Source data:
=-=-=

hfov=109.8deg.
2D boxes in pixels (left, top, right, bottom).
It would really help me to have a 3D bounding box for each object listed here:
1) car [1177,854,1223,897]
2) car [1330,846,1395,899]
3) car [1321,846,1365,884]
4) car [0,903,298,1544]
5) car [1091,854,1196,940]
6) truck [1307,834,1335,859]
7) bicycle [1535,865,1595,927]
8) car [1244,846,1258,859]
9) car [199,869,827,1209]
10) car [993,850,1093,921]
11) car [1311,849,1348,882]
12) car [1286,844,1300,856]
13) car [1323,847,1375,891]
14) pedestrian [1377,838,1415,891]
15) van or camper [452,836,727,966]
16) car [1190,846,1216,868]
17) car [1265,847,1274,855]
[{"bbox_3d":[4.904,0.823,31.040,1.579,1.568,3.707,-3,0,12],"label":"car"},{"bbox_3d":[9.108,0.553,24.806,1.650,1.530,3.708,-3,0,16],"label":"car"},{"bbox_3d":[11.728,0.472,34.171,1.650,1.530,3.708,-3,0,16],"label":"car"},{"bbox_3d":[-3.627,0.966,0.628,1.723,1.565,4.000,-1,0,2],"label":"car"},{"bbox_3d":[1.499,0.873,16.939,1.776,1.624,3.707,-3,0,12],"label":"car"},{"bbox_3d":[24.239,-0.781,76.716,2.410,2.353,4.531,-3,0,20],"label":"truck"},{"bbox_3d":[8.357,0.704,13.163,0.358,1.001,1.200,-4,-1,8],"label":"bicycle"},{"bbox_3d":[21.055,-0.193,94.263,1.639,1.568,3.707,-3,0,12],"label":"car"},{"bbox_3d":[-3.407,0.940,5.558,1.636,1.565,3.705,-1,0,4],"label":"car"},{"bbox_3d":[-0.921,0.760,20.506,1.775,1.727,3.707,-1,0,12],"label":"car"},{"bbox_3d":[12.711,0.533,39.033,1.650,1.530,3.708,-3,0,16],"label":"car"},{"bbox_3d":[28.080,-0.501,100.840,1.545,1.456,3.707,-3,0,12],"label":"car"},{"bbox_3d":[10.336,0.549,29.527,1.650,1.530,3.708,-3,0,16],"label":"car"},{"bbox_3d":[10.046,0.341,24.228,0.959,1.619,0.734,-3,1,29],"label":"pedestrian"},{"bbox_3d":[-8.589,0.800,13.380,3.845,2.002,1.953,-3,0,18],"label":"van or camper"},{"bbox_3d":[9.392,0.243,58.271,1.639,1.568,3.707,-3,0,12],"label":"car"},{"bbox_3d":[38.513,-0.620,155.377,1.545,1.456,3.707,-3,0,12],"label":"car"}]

=-=-=

Every single entry is to be retyped exactly.

hfov=109.8deg.
2D boxes in pixels (left, top, right, bottom).
It would really help me to have a 3D bounding box for each object listed here:
1) car [1177,854,1223,897]
2) car [1330,846,1395,899]
3) car [1321,846,1365,884]
4) car [0,903,298,1544]
5) car [1091,854,1196,940]
6) truck [1307,834,1335,859]
7) bicycle [1535,865,1595,927]
8) car [1244,846,1258,859]
9) car [199,869,827,1209]
10) car [993,850,1093,921]
11) car [1311,849,1348,882]
12) car [1286,844,1300,856]
13) car [1323,847,1375,891]
14) pedestrian [1377,838,1415,891]
15) van or camper [452,836,727,966]
16) car [1190,846,1216,868]
17) car [1265,847,1274,855]
[{"bbox_3d":[4.904,0.823,31.040,1.579,1.568,3.707,-3,0,12],"label":"car"},{"bbox_3d":[9.108,0.553,24.806,1.650,1.530,3.708,-3,0,16],"label":"car"},{"bbox_3d":[11.728,0.472,34.171,1.650,1.530,3.708,-3,0,16],"label":"car"},{"bbox_3d":[-3.627,0.966,0.628,1.723,1.565,4.000,-1,0,2],"label":"car"},{"bbox_3d":[1.499,0.873,16.939,1.776,1.624,3.707,-3,0,12],"label":"car"},{"bbox_3d":[24.239,-0.781,76.716,2.410,2.353,4.531,-3,0,20],"label":"truck"},{"bbox_3d":[8.357,0.704,13.163,0.358,1.001,1.200,-4,-1,8],"label":"bicycle"},{"bbox_3d":[21.055,-0.193,94.263,1.639,1.568,3.707,-3,0,12],"label":"car"},{"bbox_3d":[-3.407,0.940,5.558,1.636,1.565,3.705,-1,0,4],"label":"car"},{"bbox_3d":[-0.921,0.760,20.506,1.775,1.727,3.707,-1,0,12],"label":"car"},{"bbox_3d":[12.711,0.533,39.033,1.650,1.530,3.708,-3,0,16],"label":"car"},{"bbox_3d":[28.080,-0.501,100.840,1.545,1.456,3.707,-3,0,12],"label":"car"},{"bbox_3d":[10.336,0.549,29.527,1.650,1.530,3.708,-3,0,16],"label":"car"},{"bbox_3d":[10.046,0.341,24.228,0.959,1.619,0.734,-3,1,29],"label":"pedestrian"},{"bbox_3d":[-8.589,0.800,13.380,3.845,2.002,1.953,-3,0,18],"label":"van or camper"},{"bbox_3d":[9.392,0.243,58.271,1.639,1.568,3.707,-3,0,12],"label":"car"},{"bbox_3d":[38.513,-0.620,155.377,1.545,1.456,3.707,-3,0,12],"label":"car"}]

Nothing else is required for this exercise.